## What you should do
Quote only the lines from the top of the listing below down to and including the line with "24. bicycle [1608,834,1687,884]".

## Data under study
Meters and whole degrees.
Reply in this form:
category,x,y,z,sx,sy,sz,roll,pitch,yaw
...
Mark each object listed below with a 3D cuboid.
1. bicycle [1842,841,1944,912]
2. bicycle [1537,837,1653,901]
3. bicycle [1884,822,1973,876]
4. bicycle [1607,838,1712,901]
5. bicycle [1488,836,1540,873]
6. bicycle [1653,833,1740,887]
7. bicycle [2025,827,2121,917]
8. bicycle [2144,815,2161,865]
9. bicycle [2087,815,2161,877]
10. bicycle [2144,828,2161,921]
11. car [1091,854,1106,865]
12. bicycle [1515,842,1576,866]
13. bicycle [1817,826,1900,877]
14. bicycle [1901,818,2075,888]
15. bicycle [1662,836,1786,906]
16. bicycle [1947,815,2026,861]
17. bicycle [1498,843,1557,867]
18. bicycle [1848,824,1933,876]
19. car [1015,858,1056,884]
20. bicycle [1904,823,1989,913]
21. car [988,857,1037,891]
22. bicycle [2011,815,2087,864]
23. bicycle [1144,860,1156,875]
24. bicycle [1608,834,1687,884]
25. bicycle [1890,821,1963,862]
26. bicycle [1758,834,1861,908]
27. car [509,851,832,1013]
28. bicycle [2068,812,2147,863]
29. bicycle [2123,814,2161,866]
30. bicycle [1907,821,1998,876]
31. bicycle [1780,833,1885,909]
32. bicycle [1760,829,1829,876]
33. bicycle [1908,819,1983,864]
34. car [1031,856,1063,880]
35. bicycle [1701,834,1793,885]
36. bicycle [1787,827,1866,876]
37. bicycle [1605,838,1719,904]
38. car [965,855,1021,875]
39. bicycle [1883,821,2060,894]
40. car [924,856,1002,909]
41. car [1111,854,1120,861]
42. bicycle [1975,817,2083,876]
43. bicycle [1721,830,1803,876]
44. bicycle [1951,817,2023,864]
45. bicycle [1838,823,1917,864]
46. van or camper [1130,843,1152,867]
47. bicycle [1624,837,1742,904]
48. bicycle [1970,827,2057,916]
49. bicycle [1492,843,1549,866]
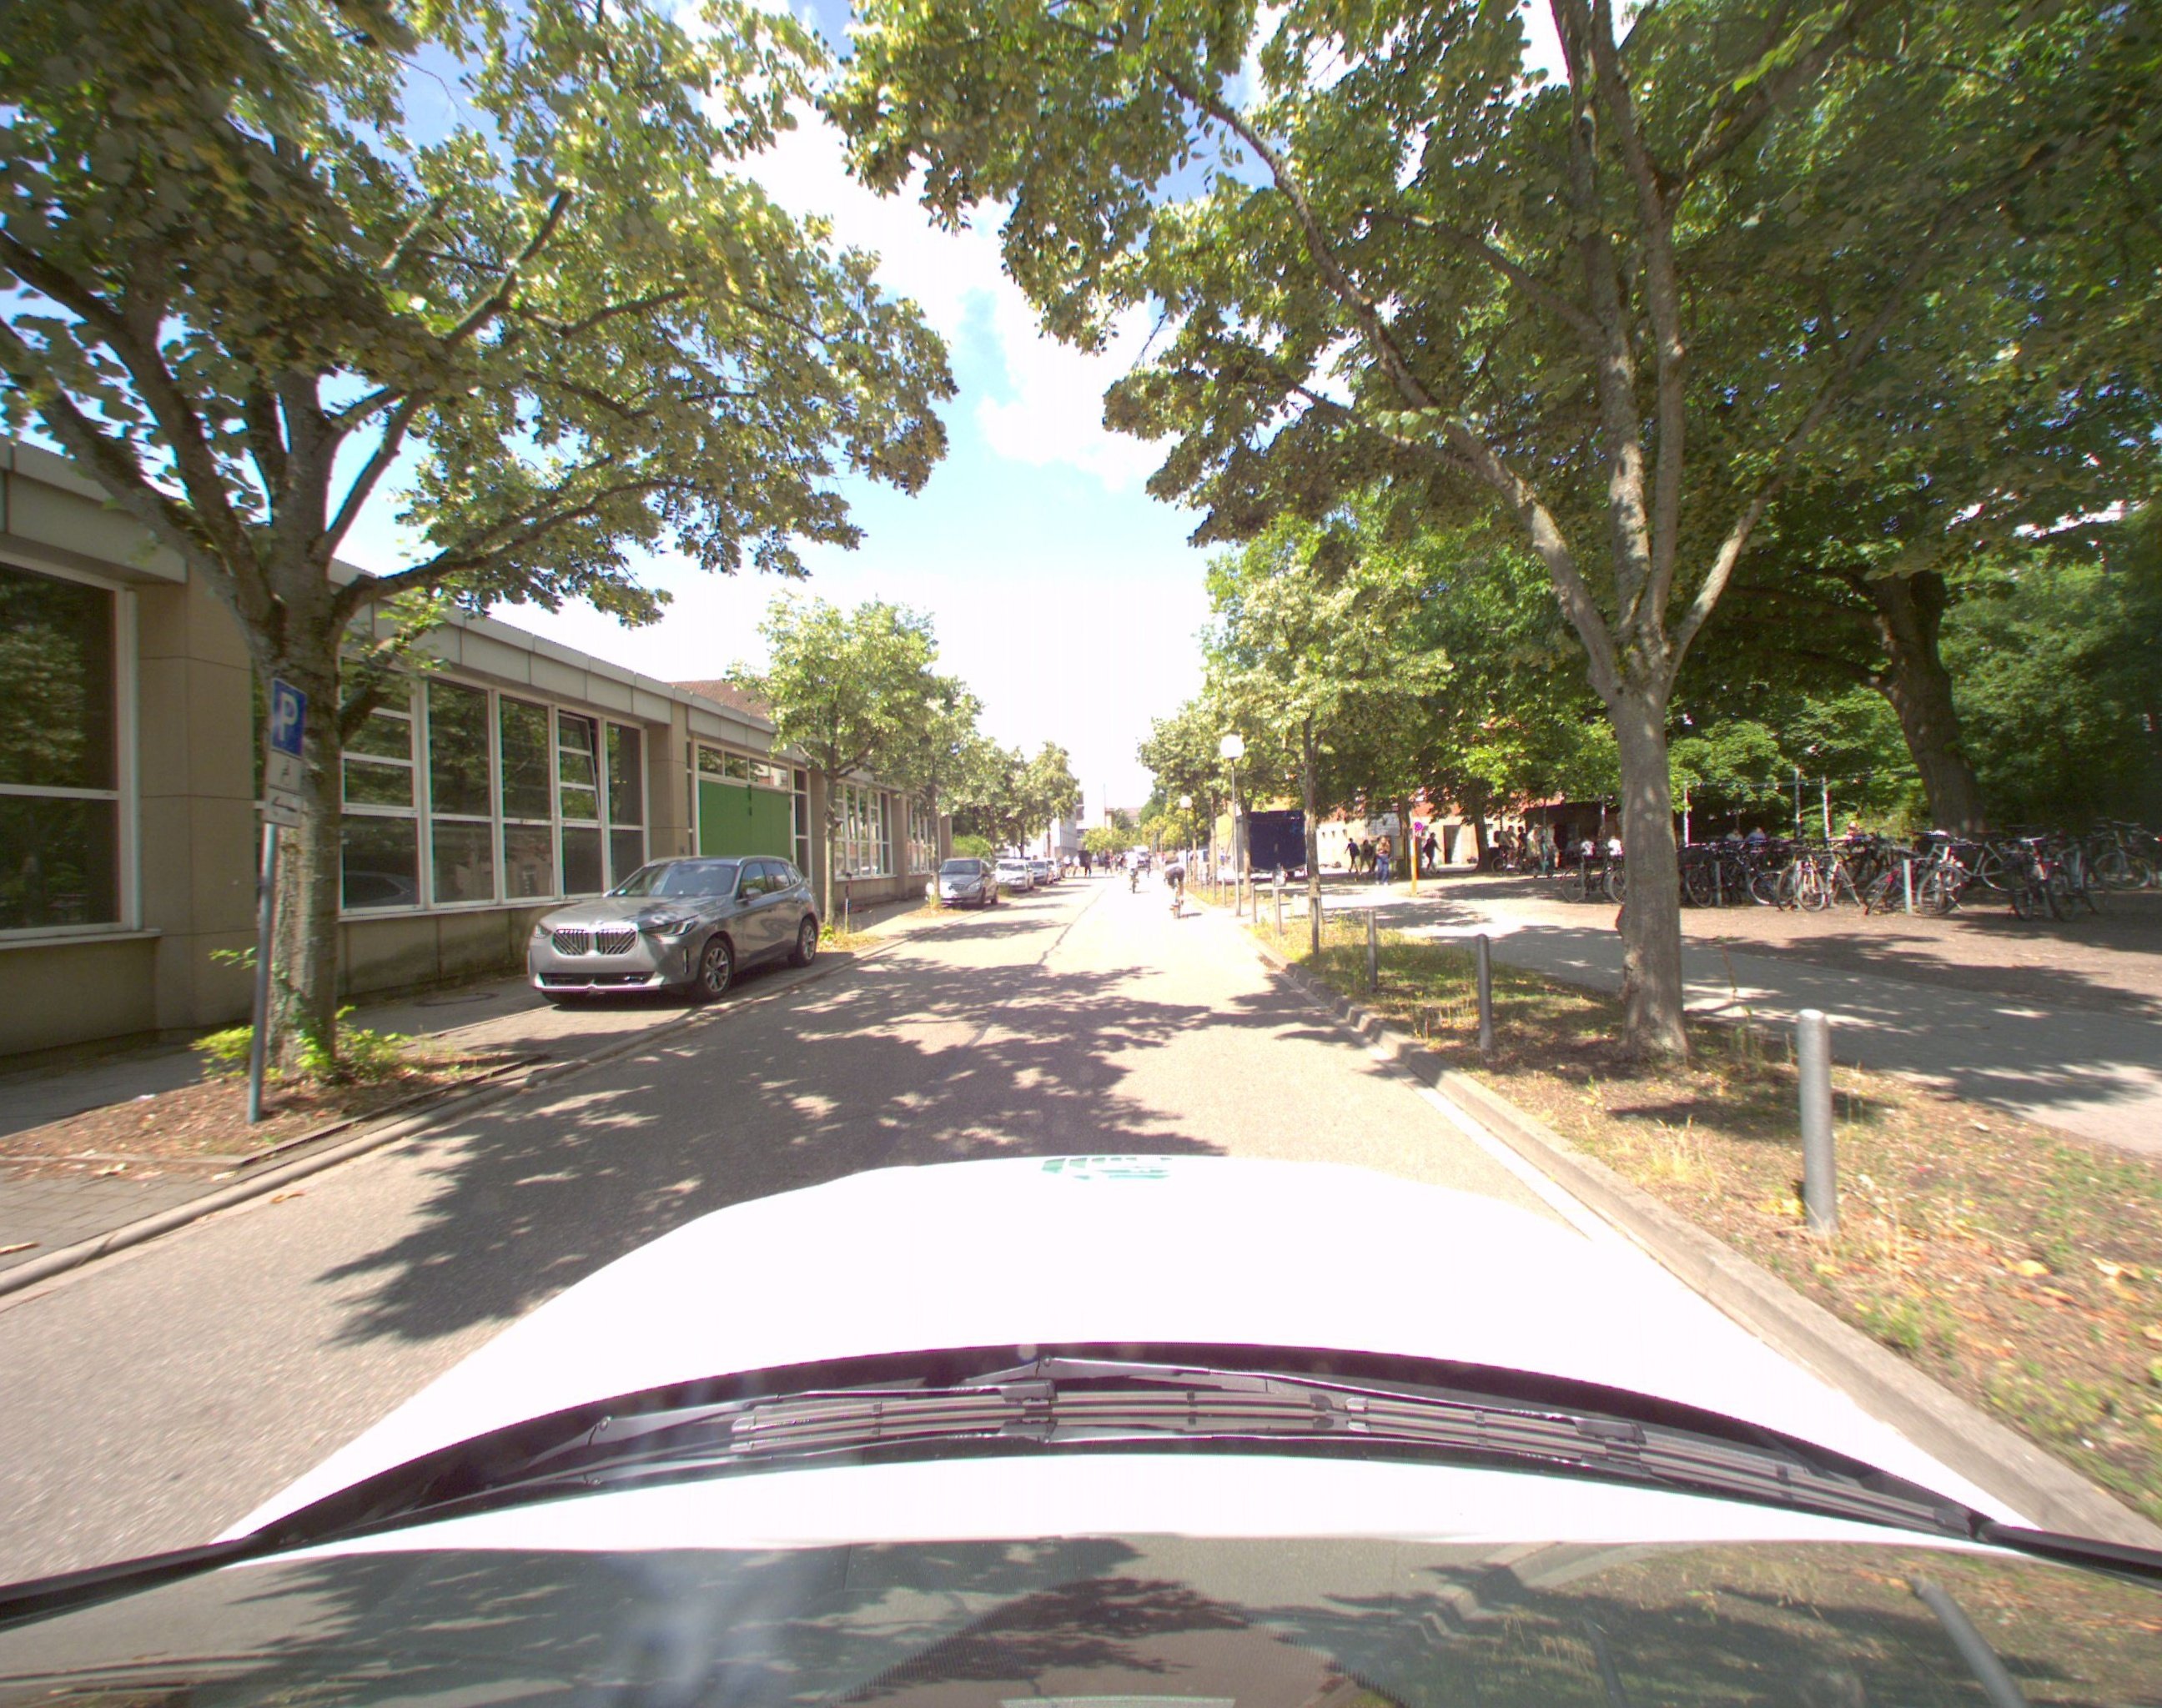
category,x,y,z,sx,sy,sz,roll,pitch,yaw
bicycle,11.810,0.314,11.836,1.742,0.909,0.490,-3,0,-26
bicycle,10.351,0.287,16.429,2.013,1.167,0.650,-3,0,-9
bicycle,17.083,-0.103,16.401,1.904,0.979,0.475,-3,-1,-20
bicycle,10.890,0.290,15.333,1.766,1.082,0.437,-3,0,-9
bicycle,15.369,0.030,28.953,0.531,1.252,1.727,-4,0,-17
bicycle,14.261,0.140,18.873,1.903,1.118,0.609,-3,-1,-19
bicycle,12.652,0.209,10.376,1.802,1.028,0.436,-3,0,-29
bicycle,23.299,-0.334,17.182,1.752,1.039,0.475,-3,-1,-18
bicycle,18.314,-0.148,14.295,1.910,0.979,0.531,-3,-1,-31
bicycle,12.994,0.202,9.537,1.798,1.028,0.378,-3,0,-29
car,2.701,0.813,123.609,1.785,1.530,4.009,-3,0,8
bicycle,22.039,0.000,38.720,2.378,1.072,0.786,-1,-1,15
bicycle,16.689,-0.051,17.466,1.903,0.979,0.419,-3,-1,-19
bicycle,15.172,0.001,13.704,0.478,1.082,1.893,-3,0,-17
bicycle,10.925,0.281,13.844,1.943,1.082,0.403,-3,0,-9
bicycle,22.642,-0.408,20.366,1.958,1.039,0.476,-4,-1,-16
bicycle,21.856,0.061,39.888,2.381,1.072,0.785,-3,-1,10
bicycle,16.989,-0.092,17.084,1.903,0.979,0.419,-3,-1,-19
car,-2.498,0.915,46.008,1.717,1.343,4.171,0,0,5
bicycle,12.232,0.177,11.497,1.745,1.155,0.489,-3,0,-33
car,-3.065,0.863,37.398,1.718,1.456,4.585,0,0,2
bicycle,22.829,-0.335,19.204,1.783,1.039,0.475,-3,-1,-18
bicycle,4.831,0.952,57.004,0.804,1.002,2.126,-2,-1,4
bicycle,13.955,0.121,20.063,1.809,1.118,0.609,-3,-1,-19
bicycle,22.310,-0.334,21.475,1.958,0.979,0.436,-4,-1,-16
bicycle,11.591,0.256,12.950,1.914,1.059,0.323,-3,0,-20
car,-4.888,0.806,10.570,1.815,1.632,4.518,0,0,1
bicycle,23.232,-0.380,18.428,1.831,1.039,0.475,-3,-1,-18
bicycle,23.188,-0.328,17.522,1.752,1.039,0.346,-3,-1,-18
bicycle,17.163,-0.112,16.033,1.904,0.979,0.475,-3,-1,-20
bicycle,11.692,0.250,12.658,1.914,1.059,0.323,-3,0,-20
bicycle,16.496,-0.046,18.815,1.907,0.979,0.418,-3,-1,-25
bicycle,22.320,-0.330,21.024,1.958,1.039,0.432,-4,-1,-16
car,-2.145,0.848,52.095,1.655,1.412,3.810,-1,0,3
bicycle,14.552,0.119,17.794,1.903,0.979,0.609,-3,0,-19
bicycle,16.641,-0.053,18.177,1.905,0.979,0.475,-3,-1,-22
bicycle,10.666,0.303,14.951,1.943,1.082,0.403,-3,0,-9
car,-7.465,0.955,69.375,4.484,1.619,1.927,0,-1,5
bicycle,14.418,0.066,13.269,0.478,1.082,1.893,-3,0,-17
car,-3.692,0.852,26.098,1.750,1.556,4.115,0,0,2
car,8.084,0.828,189.966,1.785,1.530,4.009,-3,0,8
bicycle,17.658,-0.147,15.174,1.903,0.979,0.609,-3,0,-19
bicycle,16.226,-0.026,19.410,1.902,0.979,0.476,-4,-1,-16
bicycle,22.004,-0.332,19.775,1.783,1.039,0.432,-3,-1,-18
bicycle,21.724,-0.285,22.213,1.958,0.979,0.609,-4,0,-16
van or camper,6.422,0.128,86.472,1.983,2.446,4.577,-3,-1,6
bicycle,10.734,0.282,14.527,1.943,1.082,0.403,-3,0,-9
bicycle,12.266,0.207,10.698,1.745,1.052,0.489,-3,0,-33
bicycle,21.999,0.039,40.798,2.378,1.072,0.786,-3,-1,16

## Response
Meters and whole degrees.
Reply in this form:
category,x,y,z,sx,sy,sz,roll,pitch,yaw
...
Mark each object listed below with a 3D cuboid.
1. bicycle [1842,841,1944,912]
2. bicycle [1537,837,1653,901]
3. bicycle [1884,822,1973,876]
4. bicycle [1607,838,1712,901]
5. bicycle [1488,836,1540,873]
6. bicycle [1653,833,1740,887]
7. bicycle [2025,827,2121,917]
8. bicycle [2144,815,2161,865]
9. bicycle [2087,815,2161,877]
10. bicycle [2144,828,2161,921]
11. car [1091,854,1106,865]
12. bicycle [1515,842,1576,866]
13. bicycle [1817,826,1900,877]
14. bicycle [1901,818,2075,888]
15. bicycle [1662,836,1786,906]
16. bicycle [1947,815,2026,861]
17. bicycle [1498,843,1557,867]
18. bicycle [1848,824,1933,876]
19. car [1015,858,1056,884]
20. bicycle [1904,823,1989,913]
21. car [988,857,1037,891]
22. bicycle [2011,815,2087,864]
23. bicycle [1144,860,1156,875]
24. bicycle [1608,834,1687,884]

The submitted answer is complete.